March 17, 2018

Oldest known Iberian R1b-S116 (and DF27) is NOT at all Indoeuropean

This study is very interesting but it is very wrongly argued, maybe in an attempt to fit their findings with what has sadly become the mainstream current of "explanation" about the origins Y-DNA haplogroup R1b-S116 (also P312, etc.)

Cristina Valdiosera, Thorsten Günther et al. Four millennia of Iberian biomolecular prehistory illustrate the impact of prehistoric migrations at the far end of Eurasia. PNAS 2018. DOI:10.1073/pnas.1717762115

The issue is that they found the very first known carrier of R1b-S116 (and R1b-DF27, the main Iberian haplogroup) in an individual of the Bronze Age of Lower Rioja (Cueva de Los Lagos, Alhama de Cervera), belonging very clearly to the Central Iberian culture of Cogotas I, even if it is at its very northeast margin.

What is wrong? Well, the very title is wrong. It is nothing but an artifact produced by forced (supervised) results of Admixture within the simplistic 3-population model. Even then their result is in fact so weak that it immediately cried to me as "artifact" (noise or whatever you want to call it) and it is effectively nothing but that. 

And to demonstrate it is as simple as digging into the supplementary materials and look at the unsupervised Admixture run (dataset S03), whose optimal columns (lowest CV scores) are K=16-19 (all four are optimal, what is fine with me but makes explanation and understanding a bit more dense). 

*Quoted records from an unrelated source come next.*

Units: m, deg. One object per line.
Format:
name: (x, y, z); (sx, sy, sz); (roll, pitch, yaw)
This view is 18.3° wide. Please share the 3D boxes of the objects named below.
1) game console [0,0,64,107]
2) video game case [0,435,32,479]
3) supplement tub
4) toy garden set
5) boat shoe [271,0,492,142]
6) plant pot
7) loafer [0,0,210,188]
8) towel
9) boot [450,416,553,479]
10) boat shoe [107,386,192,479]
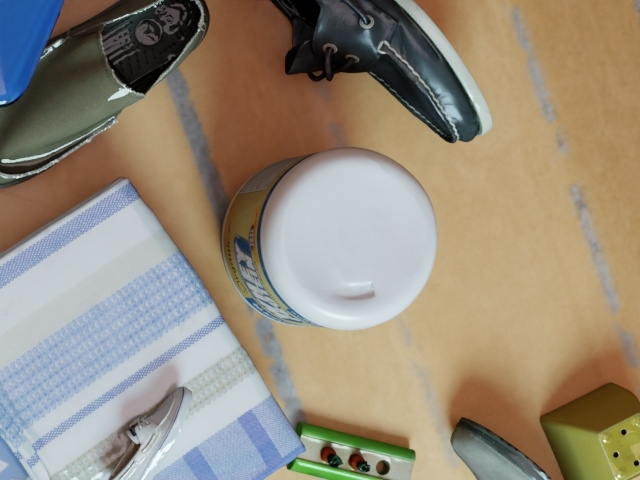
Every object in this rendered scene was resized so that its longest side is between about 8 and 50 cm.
game console: (-0.331, -0.267, 1.548); (0.293, 0.250, 0.173); (26, 108, -15)
video game case: (-0.314, 0.244, 1.617); (0.300, 0.036, 0.329); (-7, 91, -16)
supplement tub: (0.000, 0.000, 1.628); (0.144, 0.199, 0.144); (0, 88, -16)
toy garden set: (-0.037, 0.276, 1.692); (0.203, 0.049, 0.244); (15, 85, -16)
boat shoe: (0.000, -0.192, 1.670); (0.113, 0.127, 0.340); (-43, 99, -12)
plant pot: (0.258, 0.180, 1.763); (0.081, 0.083, 0.081); (-24, 95, -15)
loafer: (-0.193, -0.137, 1.631); (0.251, 0.087, 0.094); (-41, 100, -13)
towel: (-0.169, 0.114, 1.624); (0.209, 0.034, 0.285); (-35, 99, -12)
boot: (0.163, 0.289, 1.739); (0.161, 0.083, 0.246); (-43, 99, -7)
boat shoe: (-0.139, 0.159, 1.598); (0.035, 0.035, 0.100); (30, 89, -16)
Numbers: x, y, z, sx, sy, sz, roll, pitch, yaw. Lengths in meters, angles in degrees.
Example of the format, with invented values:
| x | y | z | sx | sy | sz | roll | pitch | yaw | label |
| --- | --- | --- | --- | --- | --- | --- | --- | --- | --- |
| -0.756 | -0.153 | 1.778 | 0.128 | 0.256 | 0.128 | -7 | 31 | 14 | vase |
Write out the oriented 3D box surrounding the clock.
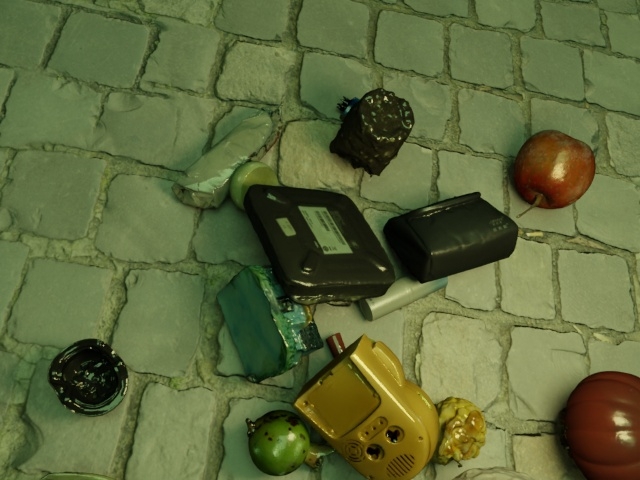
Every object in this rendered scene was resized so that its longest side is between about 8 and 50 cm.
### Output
| x | y | z | sx | sy | sz | roll | pitch | yaw | label |
| --- | --- | --- | --- | --- | --- | --- | --- | --- | --- |
| 0.123 | 0.405 | 1.268 | 0.244 | 0.200 | 0.317 | -43 | 81 | 18 | clock |

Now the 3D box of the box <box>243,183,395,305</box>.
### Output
| x | y | z | sx | sy | sz | roll | pitch | yaw | label |
| --- | --- | --- | --- | --- | --- | --- | --- | --- | --- |
| 0.000 | 0.000 | 1.419 | 0.350 | 0.091 | 0.359 | 1 | 47 | -39 | box |

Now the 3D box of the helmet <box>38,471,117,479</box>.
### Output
| x | y | z | sx | sy | sz | roll | pitch | yaw | label |
| --- | --- | --- | --- | --- | --- | --- | --- | --- | --- |
| -0.495 | 0.594 | 1.152 | 0.258 | 0.137 | 0.204 | 27 | 65 | -6 | helmet |

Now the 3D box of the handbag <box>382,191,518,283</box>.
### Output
| x | y | z | sx | sy | sz | roll | pitch | yaw | label |
| --- | --- | --- | --- | --- | --- | --- | --- | --- | --- |
| 0.348 | -0.044 | 1.520 | 0.302 | 0.177 | 0.275 | -17 | 45 | -16 | handbag |

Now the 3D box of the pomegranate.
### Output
| x | y | z | sx | sy | sz | roll | pitch | yaw | label |
| --- | --- | --- | --- | --- | --- | --- | --- | --- | --- |
| -0.068 | 0.469 | 1.287 | 0.220 | 0.156 | 0.156 | 5 | 66 | -28 | pomegranate |

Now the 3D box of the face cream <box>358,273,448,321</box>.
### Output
| x | y | z | sx | sy | sz | roll | pitch | yaw | label |
| --- | --- | --- | --- | --- | --- | --- | --- | --- | --- |
| 0.229 | 0.141 | 1.514 | 0.250 | 0.077 | 0.077 | -22 | 73 | -19 | face cream |

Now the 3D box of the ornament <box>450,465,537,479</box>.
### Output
| x | y | z | sx | sy | sz | roll | pitch | yaw | label |
| --- | --- | --- | --- | --- | --- | --- | --- | --- | --- |
| 0.394 | 0.660 | 1.197 | 0.337 | 0.337 | 0.336 | 4 | 67 | -9 | ornament |

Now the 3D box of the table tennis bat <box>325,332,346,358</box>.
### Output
| x | y | z | sx | sy | sz | roll | pitch | yaw | label |
| --- | --- | --- | --- | --- | --- | --- | --- | --- | --- |
| 0.090 | 0.388 | 1.411 | 0.201 | 0.038 | 0.310 | -19 | 76 | -17 | table tennis bat |

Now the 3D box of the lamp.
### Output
| x | y | z | sx | sy | sz | roll | pitch | yaw | label |
| --- | --- | --- | --- | --- | --- | --- | --- | --- | --- |
| 0.740 | 0.478 | 1.368 | 0.303 | 0.257 | 0.302 | 14 | 70 | -44 | lamp |

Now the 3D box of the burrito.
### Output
| x | y | z | sx | sy | sz | roll | pitch | yaw | label |
| --- | --- | --- | --- | --- | --- | --- | --- | --- | --- |
| -0.229 | -0.256 | 1.579 | 0.139 | 0.101 | 0.445 | 33 | 65 | 19 | burrito |

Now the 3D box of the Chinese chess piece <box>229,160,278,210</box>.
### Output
| x | y | z | sx | sy | sz | roll | pitch | yaw | label |
| --- | --- | --- | --- | --- | --- | --- | --- | --- | --- |
| -0.184 | -0.148 | 1.524 | 0.144 | 0.144 | 0.058 | -42 | 44 | -23 | Chinese chess piece |

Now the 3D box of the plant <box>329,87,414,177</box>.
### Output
| x | y | z | sx | sy | sz | roll | pitch | yaw | label |
| --- | --- | --- | --- | --- | --- | --- | --- | --- | --- |
| 0.138 | -0.297 | 1.579 | 0.199 | 0.276 | 0.188 | 32 | 69 | -7 | plant |

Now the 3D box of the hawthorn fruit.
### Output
| x | y | z | sx | sy | sz | roll | pitch | yaw | label |
| --- | --- | --- | --- | --- | --- | --- | --- | --- | --- |
| 0.710 | -0.202 | 1.683 | 0.235 | 0.231 | 0.262 | 9 | 106 | -3 | hawthorn fruit |

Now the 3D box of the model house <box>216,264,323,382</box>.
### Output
| x | y | z | sx | sy | sz | roll | pitch | yaw | label |
| --- | --- | --- | --- | --- | --- | --- | --- | --- | --- |
| -0.083 | 0.191 | 1.373 | 0.241 | 0.226 | 0.261 | -9 | 70 | -41 | model house |

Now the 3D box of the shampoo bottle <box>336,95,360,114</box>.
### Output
| x | y | z | sx | sy | sz | roll | pitch | yaw | label |
| --- | --- | --- | --- | --- | --- | --- | --- | --- | --- |
| 0.136 | -0.391 | 1.733 | 0.183 | 0.050 | 0.087 | 32 | 69 | 3 | shampoo bottle |

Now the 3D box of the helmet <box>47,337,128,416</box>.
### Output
| x | y | z | sx | sy | sz | roll | pitch | yaw | label |
| --- | --- | --- | --- | --- | --- | --- | --- | --- | --- |
| -0.537 | 0.317 | 1.282 | 0.153 | 0.107 | 0.176 | -35 | 97 | -25 | helmet |

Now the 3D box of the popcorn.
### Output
| x | y | z | sx | sy | sz | roll | pitch | yaw | label |
| --- | --- | --- | --- | --- | --- | --- | --- | --- | --- |
| 0.327 | 0.471 | 1.352 | 0.180 | 0.179 | 0.170 | -13 | 38 | -16 | popcorn |
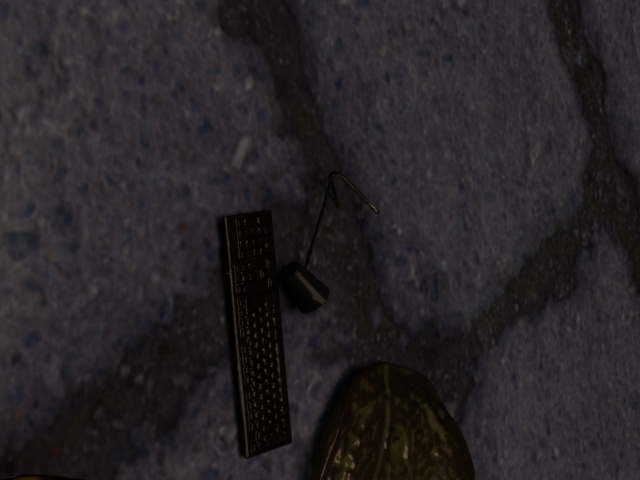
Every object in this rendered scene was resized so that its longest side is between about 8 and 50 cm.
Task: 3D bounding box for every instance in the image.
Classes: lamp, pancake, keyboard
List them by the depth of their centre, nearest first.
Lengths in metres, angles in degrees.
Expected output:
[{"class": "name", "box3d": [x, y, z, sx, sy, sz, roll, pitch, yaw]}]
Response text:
[{"class": "keyboard", "box3d": [-0.053, 0.078, 1.189, 0.067, 0.011, 0.202, -9, 95, -51]}, {"class": "lamp", "box3d": [-0.001, 0.001, 1.239, 0.054, 0.041, 0.121, 49, 55, -31]}, {"class": "pancake", "box3d": [0.068, 0.242, 1.310, 0.250, 0.031, 0.250, 5, 84, -50]}]

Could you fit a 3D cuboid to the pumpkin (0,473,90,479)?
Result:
[{"class": "pumpkin", "box3d": [-0.133, 0.288, 0.983, 0.280, 0.139, 0.190, 35, 61, -42]}]
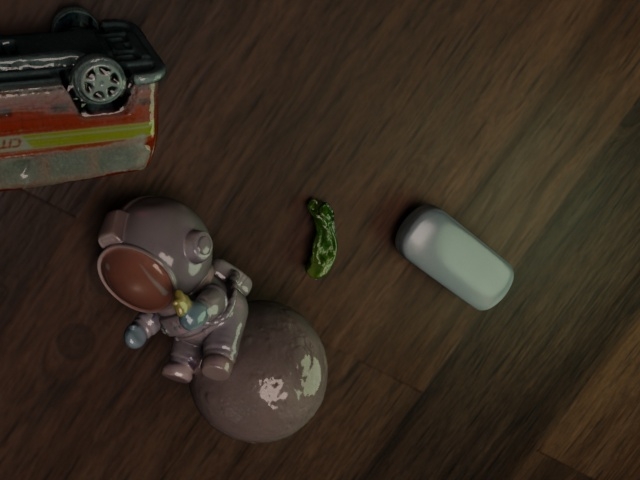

As that unsupervised admixture is massive, with lots of global populations ancient and modern, I made a selection using only the four optimal K-values (K=16 to K=19, from left to right):

Click to expand (labels at bottom are mine)

And it is absolutely clear from K=16 to K=18 that there is not a speck of the Caucasus component which is absolutely universal in all the true Indoeuropean samples. There is a tiny speck of it in the K=19 column but there even Sardinians and some Anatolian Neolithic individuals have it at much greater values and thus cannot anymore be automatically interpreted as Indoeuropean marker, but just as extra Caucasus affinity present in some Neolithic-derived populations or individuals more than others since the very beginning of mainline (Vasconic) European Neolithic at the Aegean.

And this is it. Quod erat demonstrandum (Q.E.D): R1b-S116, at least in Iberia, has nothing to do with Indoeuropean expansion, nothing at all: it is absolutely clear that it is a pre-Indoeuropean thing. And it has been present in Lower Rioja since at least the Bronze Age.

Furthermore, when we look at the Central European Bell Beaker (Central BB) samples and compare them with their immediate chronological precursors of (definitely Indoeuropean) Corded Ware culture, we must admit that there is a decrease of the Caucasus component and an increase of the Vasconic Neolithic (light blue) element. This also speaks against the Indoeuropean "explanation" for the expansion of R1b-S116 into Central Europe, because the first known such ancient carriers are from the Bell Beaker period and not a moment earlier, and these clearly express an anti-Indoeuropean tendency in their autosomal genomes.

There is however a sizable Indoeuropean component in modern non-Basque Iberians, smaller than in most other European populations but very clear nevertheless. This must have arrived at later times: (1) with the Celts, who arrived to Catalonia at the end of the Bronze Age, later expanding into Central and Western Iberia, (2) with the Romans, (3) maybe also to some extent with the Germanic invaders of the late Roman period. None of these expansions seem particularly associated with R1b-S116, however the c. 1% R1a and the c. 8% J2 (with plausible Italo-Roman origin) should be related to it, along with an assortment of other haplogroups. 

For those willing to dig in the details, there is also a small treasure trove of other ancient Y-DNA, mostly I (which underlines the Paleoeuropean influence in Neolithic Iberia, regardless of whether this is local or was carried on from further East by the Neolithic settlers), as well as one instance of unspecific R1b, another of G and another of H.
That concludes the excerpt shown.